Hace un mes, aproximadamente, por cuestiones de trabajo resulté haciendo visita en la casa de la sobrina-nieta de un fotógrafo colombiano, contemporáneo; un fotoreportero de la talla de Ignacio Gaitán, Sady González, Carlos Caicedo o Leo Matiz, para que se hagan una idea.
Mi visita se debió a que necesitaba obtener una autorización de uso de algunas de sus obras. Luego de obtener esta autorización, por escrito, tuvimos una breve conversación. Ella me preguntó un poco sobre mi trabajo y algunos detalles sobre el proyecto en el que me encontraba trabajando.
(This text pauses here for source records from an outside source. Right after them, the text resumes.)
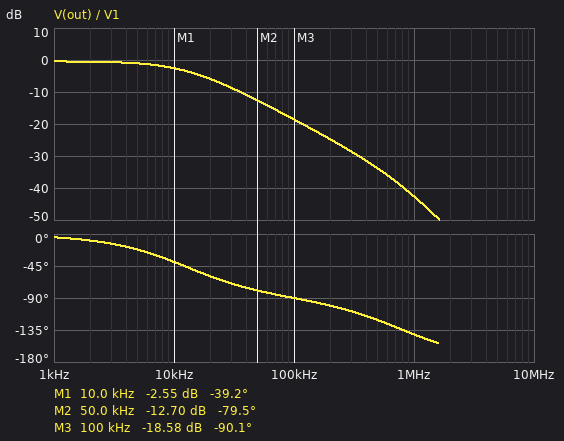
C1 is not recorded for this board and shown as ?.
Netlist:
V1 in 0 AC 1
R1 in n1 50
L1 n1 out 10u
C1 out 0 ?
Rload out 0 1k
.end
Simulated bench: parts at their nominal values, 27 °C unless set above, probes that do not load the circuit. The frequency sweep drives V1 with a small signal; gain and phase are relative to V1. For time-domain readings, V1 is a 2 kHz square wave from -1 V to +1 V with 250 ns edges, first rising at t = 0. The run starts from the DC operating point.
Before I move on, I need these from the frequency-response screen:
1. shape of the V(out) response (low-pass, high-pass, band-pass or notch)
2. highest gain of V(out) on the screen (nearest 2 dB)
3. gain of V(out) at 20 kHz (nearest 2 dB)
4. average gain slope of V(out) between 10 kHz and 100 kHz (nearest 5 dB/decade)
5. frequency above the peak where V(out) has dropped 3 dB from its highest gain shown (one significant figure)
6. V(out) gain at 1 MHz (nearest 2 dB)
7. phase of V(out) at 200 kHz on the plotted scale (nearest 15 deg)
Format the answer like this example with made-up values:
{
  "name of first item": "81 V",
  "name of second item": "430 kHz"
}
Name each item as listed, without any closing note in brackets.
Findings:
{
  "shape of the V(out) response": "low-pass",
  "highest gain of V(out) on the screen": "0 dB",
  "gain of V(out) at 20 kHz": "-6 dB",
  "average gain slope of V(out) between 10 kHz and 100 kHz": "-15 dB/decade",
  "frequency above the peak where V(out) has dropped 3 dB from its highest gain shown": "10 kHz",
  "V(out) gain at 1 MHz": "-42 dB",
  "phase of V(out) at 200 kHz on the plotted scale": "-105 deg"
}
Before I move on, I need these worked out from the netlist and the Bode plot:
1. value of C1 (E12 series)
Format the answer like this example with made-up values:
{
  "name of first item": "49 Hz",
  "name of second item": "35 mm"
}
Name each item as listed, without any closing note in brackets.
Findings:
{
  "value of C1": "270 nF"
}
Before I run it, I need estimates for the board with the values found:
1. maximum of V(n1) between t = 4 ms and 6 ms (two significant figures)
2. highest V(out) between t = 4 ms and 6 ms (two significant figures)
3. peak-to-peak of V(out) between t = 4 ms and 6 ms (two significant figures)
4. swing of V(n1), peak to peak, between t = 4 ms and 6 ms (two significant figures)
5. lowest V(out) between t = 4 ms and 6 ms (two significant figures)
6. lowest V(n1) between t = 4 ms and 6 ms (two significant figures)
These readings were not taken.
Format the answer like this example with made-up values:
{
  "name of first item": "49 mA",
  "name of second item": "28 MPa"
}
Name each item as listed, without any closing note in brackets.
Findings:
{
  "maximum of V(n1) between t = 4 ms and 6 ms": "950 mV",
  "highest V(out) between t = 4 ms and 6 ms": "950 mV",
  "peak-to-peak of V(out) between t = 4 ms and 6 ms": "1.9 V",
  "swing of V(n1), peak to peak, between t = 4 ms and 6 ms": "1.9 V",
  "lowest V(out) between t = 4 ms and 6 ms": "-950 mV",
  "lowest V(n1) between t = 4 ms and 6 ms": "-950 mV"
}
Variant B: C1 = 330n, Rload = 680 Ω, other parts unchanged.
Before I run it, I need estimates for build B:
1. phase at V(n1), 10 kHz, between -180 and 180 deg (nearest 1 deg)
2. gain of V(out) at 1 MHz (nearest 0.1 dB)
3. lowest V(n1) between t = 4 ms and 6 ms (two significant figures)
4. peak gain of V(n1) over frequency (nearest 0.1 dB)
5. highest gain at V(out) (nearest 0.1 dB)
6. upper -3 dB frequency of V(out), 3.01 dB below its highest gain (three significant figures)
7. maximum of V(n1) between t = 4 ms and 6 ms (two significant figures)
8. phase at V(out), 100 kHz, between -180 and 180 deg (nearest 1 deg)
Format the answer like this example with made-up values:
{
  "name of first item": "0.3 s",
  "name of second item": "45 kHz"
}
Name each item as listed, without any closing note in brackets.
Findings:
{
  "phase at V(n1), 10 kHz, between -180 and 180 deg": "-44 deg",
  "gain of V(out) at 1 MHz": "-44.4 dB",
  "lowest V(n1) between t = 4 ms and 6 ms": "-930 mV",
  "peak gain of V(n1) over frequency": "0 dB",
  "highest gain at V(out)": "-0.6 dB",
  "upper -3 dB frequency of V(out), 3.01 dB below its highest gain": "10.5 kHz",
  "maximum of V(n1) between t = 4 ms and 6 ms": "930 mV",
  "phase at V(out), 100 kHz, between -180 and 180 deg": "-91 deg"
}
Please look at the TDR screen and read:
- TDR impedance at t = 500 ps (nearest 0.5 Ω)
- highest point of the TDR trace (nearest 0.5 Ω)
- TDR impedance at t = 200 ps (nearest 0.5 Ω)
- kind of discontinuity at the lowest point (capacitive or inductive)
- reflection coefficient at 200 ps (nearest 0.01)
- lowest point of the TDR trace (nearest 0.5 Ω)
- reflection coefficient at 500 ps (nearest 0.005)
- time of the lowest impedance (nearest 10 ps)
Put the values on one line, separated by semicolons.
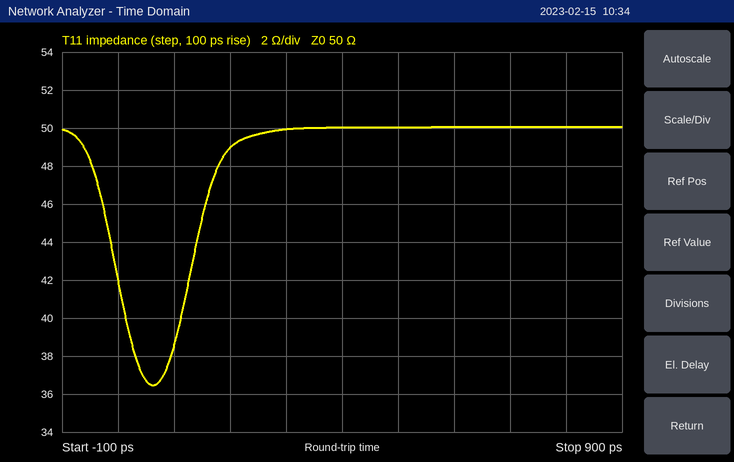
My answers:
50.0 Ω; 50.0 Ω; 49.0 Ω; capacitive; -0.01; 36.5 Ω; 0.000; 60 ps
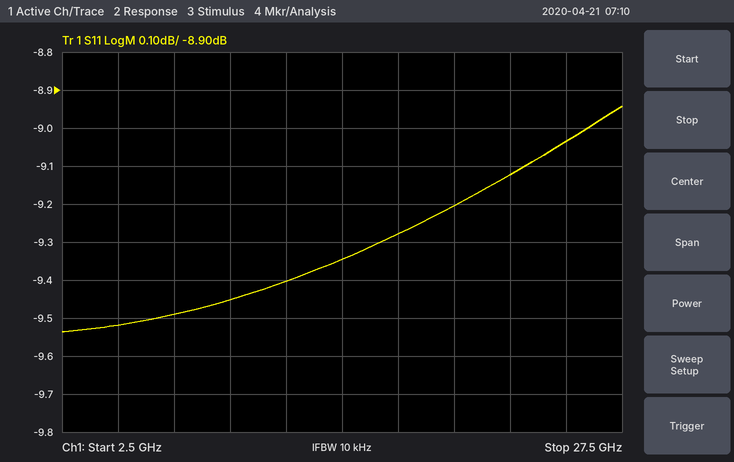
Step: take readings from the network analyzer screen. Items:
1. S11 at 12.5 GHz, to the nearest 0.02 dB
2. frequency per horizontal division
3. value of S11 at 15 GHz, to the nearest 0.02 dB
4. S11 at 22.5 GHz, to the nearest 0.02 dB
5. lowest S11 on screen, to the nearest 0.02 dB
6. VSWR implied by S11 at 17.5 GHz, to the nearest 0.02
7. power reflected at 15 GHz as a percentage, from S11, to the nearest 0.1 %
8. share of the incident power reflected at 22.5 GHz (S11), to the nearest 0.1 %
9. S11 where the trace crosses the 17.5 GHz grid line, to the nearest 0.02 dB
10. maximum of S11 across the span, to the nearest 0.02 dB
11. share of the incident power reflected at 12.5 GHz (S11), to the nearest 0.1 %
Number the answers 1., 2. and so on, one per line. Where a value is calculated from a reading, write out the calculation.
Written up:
1. -9.40 dB
2. 2.5 GHz
3. -9.34 dB
4. -9.12 dB
5. -9.54 dB
6. |Γ| = 10^(-9.28/20) = 0.3436; VSWR = (1 + 0.3436)/(1 − 0.3436) ≈ 2.05, so 2.04 to the nearest 0.02
7. 10^(-9.34/10) ≈ 11.6 %
8. 10^(-9.12/10) ≈ 12.2 %
9. -9.28 dB
10. -8.94 dB
11. 10^(-9.4/10) ≈ 11.5 %
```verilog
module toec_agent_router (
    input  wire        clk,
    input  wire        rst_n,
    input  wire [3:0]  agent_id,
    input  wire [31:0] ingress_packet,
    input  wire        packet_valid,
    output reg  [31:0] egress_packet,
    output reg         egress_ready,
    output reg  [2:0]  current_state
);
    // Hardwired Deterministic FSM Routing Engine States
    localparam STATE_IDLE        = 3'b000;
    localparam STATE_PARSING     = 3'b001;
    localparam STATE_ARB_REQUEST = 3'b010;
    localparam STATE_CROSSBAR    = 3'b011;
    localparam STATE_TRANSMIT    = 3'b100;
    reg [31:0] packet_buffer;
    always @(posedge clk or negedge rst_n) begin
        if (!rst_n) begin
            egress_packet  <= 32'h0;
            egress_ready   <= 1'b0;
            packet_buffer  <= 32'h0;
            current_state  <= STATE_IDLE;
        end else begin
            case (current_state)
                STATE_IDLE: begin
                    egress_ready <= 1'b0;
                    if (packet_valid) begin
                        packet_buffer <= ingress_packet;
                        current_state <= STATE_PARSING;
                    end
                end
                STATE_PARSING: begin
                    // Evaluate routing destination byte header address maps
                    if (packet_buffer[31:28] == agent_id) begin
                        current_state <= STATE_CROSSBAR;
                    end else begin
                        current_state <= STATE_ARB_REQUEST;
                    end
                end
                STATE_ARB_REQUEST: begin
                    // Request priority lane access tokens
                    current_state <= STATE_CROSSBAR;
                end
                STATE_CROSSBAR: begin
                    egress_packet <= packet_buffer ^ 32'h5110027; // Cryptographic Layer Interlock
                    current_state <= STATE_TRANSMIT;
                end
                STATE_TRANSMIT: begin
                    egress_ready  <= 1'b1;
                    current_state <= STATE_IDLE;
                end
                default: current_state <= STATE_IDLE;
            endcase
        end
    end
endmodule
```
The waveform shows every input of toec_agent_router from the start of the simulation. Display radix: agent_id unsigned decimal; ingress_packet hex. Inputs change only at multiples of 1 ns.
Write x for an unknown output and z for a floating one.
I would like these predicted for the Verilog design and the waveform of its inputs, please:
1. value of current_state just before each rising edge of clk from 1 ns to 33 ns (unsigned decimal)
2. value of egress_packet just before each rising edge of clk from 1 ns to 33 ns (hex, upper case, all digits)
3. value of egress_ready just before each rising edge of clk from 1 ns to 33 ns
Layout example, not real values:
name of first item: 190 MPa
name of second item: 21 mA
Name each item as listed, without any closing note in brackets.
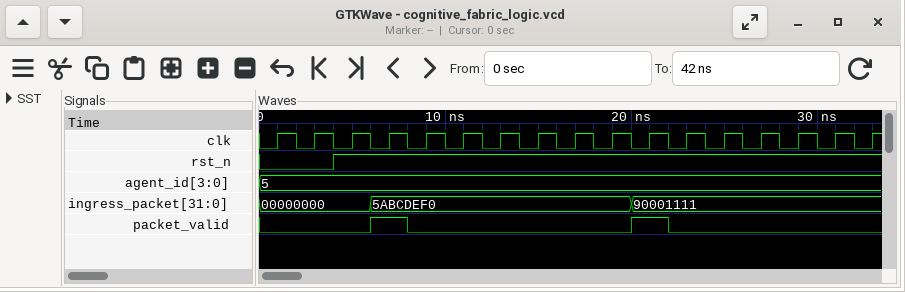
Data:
value of current_state just before each rising edge of clk from 1 ns to 33 ns: 0, 0, 0, 0, 1, 3, 4, 0, 0, 0, 0, 1, 2, 3, 4, 0, 0
value of egress_packet just before each rising edge of clk from 1 ns to 33 ns: 00000000, 00000000, 00000000, 00000000, 00000000, 00000000, 5FADDED7, 5FADDED7, 5FADDED7, 5FADDED7, 5FADDED7, 5FADDED7, 5FADDED7, 5FADDED7, 95111136, 95111136, 95111136
value of egress_ready just before each rising edge of clk from 1 ns to 33 ns: 0 0 0 0 0 0 0 1 0 0 0 0 0 0 0 1 0

Le expliqué de la mejor manera posible, tratando de ser muy claro y de expresar, en esa explicación, gratitud por permitir que la obra de este fotógrafo sea usada para ilustrar a un público un fragmento dentro de una narración que, de alguna manera, lo identifica.
Luego de escucharme atentamente, mencionó que se sentía contenta de poder contribuir con este proyecto y de brindar a otros la obra de uno de sus parientes. Y entonces dijo.
¿Para qué son [las obras] sino es para que el público las conozca?
Le dije que ojalá todos pensaran igual, claro, siempre hay dificultades e intereses sobre las obras heredadas y no siempre es tan fácil conseguir una autorización de uso, sea por que no se conocen a los herederos o creadores, o porque las tarifas que se le imponen exceden el presupuesto de algunos proyecto sin ánimo de lucro. Me dio la razón y me dijo:
Algunos otros buenos materiales están resguardados en bibliotecas y otros sitios, pero ahí están… guardados…
La conversación no se extendió mucho. Luego, en la calle, esa última palabra me quedó dando vueltas en la cabeza ¿De cuánta información, registros de nuestra propia historia, nos estaremos perdiendo?